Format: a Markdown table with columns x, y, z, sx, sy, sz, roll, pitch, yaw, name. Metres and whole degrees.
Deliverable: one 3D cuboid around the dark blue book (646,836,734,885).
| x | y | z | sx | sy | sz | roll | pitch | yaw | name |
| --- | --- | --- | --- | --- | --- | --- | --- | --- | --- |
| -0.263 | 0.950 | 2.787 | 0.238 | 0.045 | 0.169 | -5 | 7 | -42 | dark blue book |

----------------------------------------

WHAT THE EXERCISE ASKS
Write out, word for word, the line containing "Deliverable: one 3D" and all the lines after it in the entries above, and nothing more.

SOLUTION TO THE EXERCISE
Deliverable: one 3D cuboid around the dark blue book (646,836,734,885).
| x | y | z | sx | sy | sz | roll | pitch | yaw | name |
| --- | --- | --- | --- | --- | --- | --- | --- | --- | --- |
| -0.263 | 0.950 | 2.787 | 0.238 | 0.045 | 0.169 | -5 | 7 | -42 | dark blue book |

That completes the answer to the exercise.